Yathushaa Navinan2024-07-05

Evolutionary medicine examines why diseases exist by looking at human evolution. This field offers explanations for various health issues and suggests strategies for treatment and prevention. Let's explore how understanding our evolutionary past can improve our health in the present.

Evolutionary medicine, also known as Darwinian medicine, is the combination of evolutionary biology, including concepts such as natural selection and survival of the fittest, and human medicine. This is useful as hypotheses and theories for why certain diseases exist can be formulated, therefore improving understanding of human disease and enabling development of more efficient treatments. Despite the potential of evolutionary medicine, it has yet to be integrated in the curriculum of medical schools. This potential can be demonstrated by the already existing evolutionary hypotheses for human diseases: heterozygous advantage, adaptation to ancestral environment and antagonistic pleiotropy.

Heterozygous advantage

This is one of the most common evolutionary explanations for disease, referring to the phenomenon where being a carrier of a disease is actually advantageous for an individual due to being heterozygous (having one dominant allele and one recessive allele), whereas individuals who inherit two of the disadvantageous alleles and are thus homozygous, end up inheriting the disease [1]. 
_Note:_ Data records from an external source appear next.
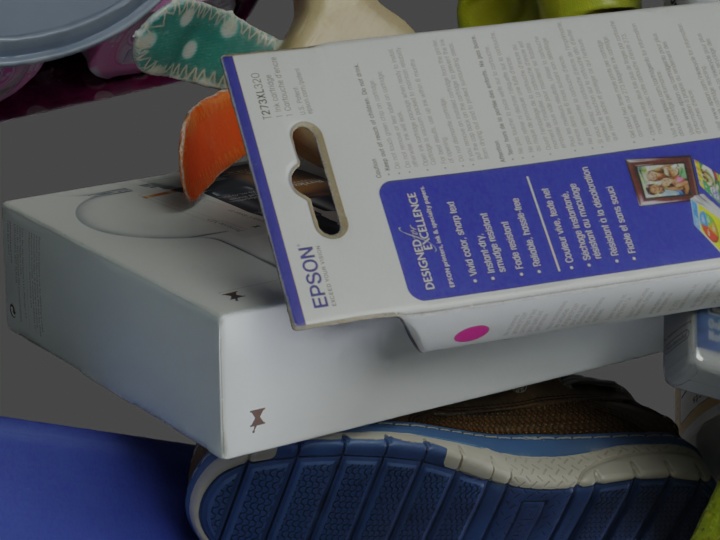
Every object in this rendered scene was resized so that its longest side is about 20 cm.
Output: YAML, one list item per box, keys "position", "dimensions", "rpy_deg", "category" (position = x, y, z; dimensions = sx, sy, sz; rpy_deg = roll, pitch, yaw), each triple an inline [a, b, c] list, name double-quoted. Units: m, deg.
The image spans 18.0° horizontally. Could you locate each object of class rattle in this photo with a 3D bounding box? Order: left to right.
- position: [-0.006, -0.082, 0.837]
  dimensions: [0.200, 0.143, 0.131]
  rpy_deg: [-38, 111, -17]
  category: "rattle"

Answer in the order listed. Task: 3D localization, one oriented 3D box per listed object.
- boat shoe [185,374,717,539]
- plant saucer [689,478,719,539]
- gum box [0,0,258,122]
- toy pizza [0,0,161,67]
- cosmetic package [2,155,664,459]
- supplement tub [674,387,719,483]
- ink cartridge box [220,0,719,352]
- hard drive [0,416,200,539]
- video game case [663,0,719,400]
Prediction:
- position: [0.024, 0.066, 0.773]
  dimensions: [0.199, 0.072, 0.073]
  rpy_deg: [8, 34, -32]
  category: "boat shoe"
- position: [0.189, 0.132, 0.719]
  dimensions: [0.199, 0.048, 0.201]
  rpy_deg: [26, 91, -21]
  category: "plant saucer"
- position: [-0.149, -0.113, 0.804]
  dimensions: [0.199, 0.066, 0.114]
  rpy_deg: [-16, 71, -32]
  category: "gum box"
- position: [-0.146, -0.150, 0.765]
  dimensions: [0.199, 0.032, 0.201]
  rpy_deg: [11, 59, -19]
  category: "toy pizza"
- position: [0.000, 0.000, 0.773]
  dimensions: [0.199, 0.151, 0.052]
  rpy_deg: [-12, 113, -33]
  category: "cosmetic package"
- position: [0.190, 0.034, 0.856]
  dimensions: [0.144, 0.144, 0.201]
  rpy_deg: [16, 59, -19]
  category: "supplement tub"
- position: [0.060, -0.030, 0.699]
  dimensions: [0.199, 0.037, 0.095]
  rpy_deg: [-7, 64, -20]
  category: "ink cartridge box"
- position: [-0.059, 0.117, 0.722]
  dimensions: [0.199, 0.025, 0.133]
  rpy_deg: [12, 54, -38]
  category: "hard drive"
- position: [0.193, -0.021, 0.783]
  dimensions: [0.199, 0.022, 0.183]
  rpy_deg: [16, 58, -19]
  category: "video game case"
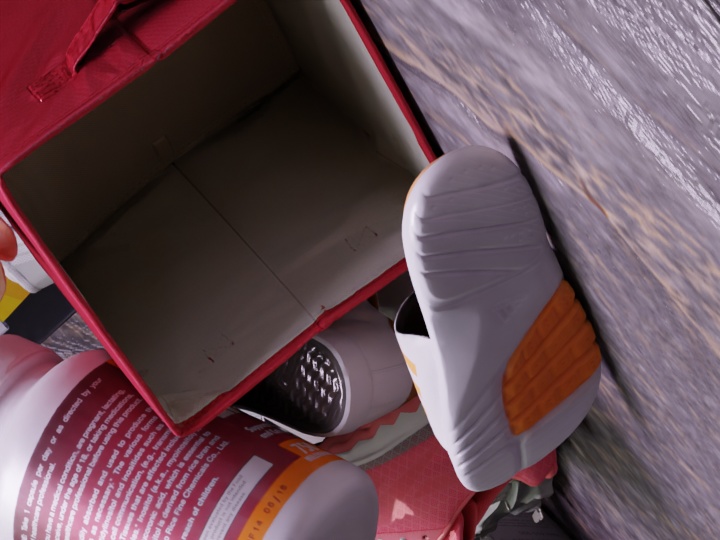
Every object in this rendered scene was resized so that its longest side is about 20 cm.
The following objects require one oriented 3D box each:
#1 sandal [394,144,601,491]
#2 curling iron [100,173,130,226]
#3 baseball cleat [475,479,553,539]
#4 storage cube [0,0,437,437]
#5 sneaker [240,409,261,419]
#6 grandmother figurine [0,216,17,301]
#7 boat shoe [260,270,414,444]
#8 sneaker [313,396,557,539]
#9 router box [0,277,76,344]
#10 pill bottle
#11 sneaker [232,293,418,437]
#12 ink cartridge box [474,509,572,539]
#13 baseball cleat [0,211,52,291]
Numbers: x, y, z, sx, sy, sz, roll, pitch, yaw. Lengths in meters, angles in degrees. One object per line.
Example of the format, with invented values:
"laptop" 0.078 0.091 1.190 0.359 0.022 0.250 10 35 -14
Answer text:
"sandal" 0.050 0.009 1.266 0.059 0.079 0.207 48 162 40
"curling iron" -0.120 -0.099 1.465 0.049 0.201 0.026 25 -158 23
"baseball cleat" 0.062 0.085 1.594 0.107 0.069 0.200 62 167 12
"storage cube" -0.089 -0.071 1.354 0.180 0.171 0.200 45 170 52
"sneaker" -0.023 0.041 1.663 0.071 0.099 0.201 7 118 63
"grandmother figurine" -0.200 -0.027 1.400 0.200 0.060 0.122 -132 35 -72
"boat shoe" 0.000 0.000 1.512 0.074 0.093 0.200 27 138 3
"sneaker" 0.013 0.114 1.480 0.087 0.200 0.074 59 -154 7
"router box" -0.204 -0.047 1.758 0.149 0.200 0.051 52 167 -20
"pill bottle" -0.100 0.106 1.395 0.199 0.113 0.113 24 161 21
"sneaker" -0.044 0.031 1.449 0.200 0.084 0.073 24 118 43
"ink cartridge box" 0.080 0.211 1.659 0.146 0.083 0.200 6 -157 -33
"baseball cleat" -0.145 -0.032 1.719 0.199 0.107 0.070 17 -162 -18

A classic example of this is sickle cell anemia, where individuals who are heterozygous for the HbAS allele had improved immunity to several malarial infections due to enhanced phagocytosis of infected red blood cells containing malaria parasites [1]. However, those who end up homozygous for the allele contract sickle cell disease [1]. Despite this severe disadvantage to individuals who are homozygous for the HbAS allele, natural selection has favoured maintenance of the allele in areas of Africa where malaria is more prominent, as “carriers of the sickle cell train enjoy a greater than 90% protection against severe malaria” [1]. Similar examples to sickle cell anaemia include other human blood diseases that have evolved as adaptations against malarial infections such as haemoglobin C and haemoglobin E disease, alpha-thalassemia and glucose-6-phosphate dehydrogenase deficiency [1]. 

Other diseases that can be explained by this postulation include cystic fibrosis and phenylketonuria [1]. 

Adaptation to ancestral environment

‘Evolutionary mismatches’ are hypothesized to be the cause of many modern-day diseases. This explanation refers to diseases that result from “the inability of our biology to keep pace with cultural change” [2]. To explain this further, our physical and cultural environments changed much faster than evolutionary processes such as natural selection could alter our allele frequency, and as a result our bodies are still adapted to ancestral environments e.g. the African Savannah [1]. 

Numerous diseases arise because of this mismatch between genes and the environment, for example, C282Y is a common gene mutation observed in those with hemochromatosis, and is postulated to have occurred due to our ancestors switching from a Paleolithic hunter-gatherer diet that was rich in red meat (and therefore iron) to a Neolithic cereal grain diet that occurred due to the founding of agriculture [1]. This caused the C282Y mutation to be more beneficial for our Neolithic ancestors as it provided a fitness advantage by resulting in greater iron stores, however the mutation manifested as a disease in modern society once our nutritional intake improved and caused individuals with C282Y to have excess iron stores that prove detrimental [1].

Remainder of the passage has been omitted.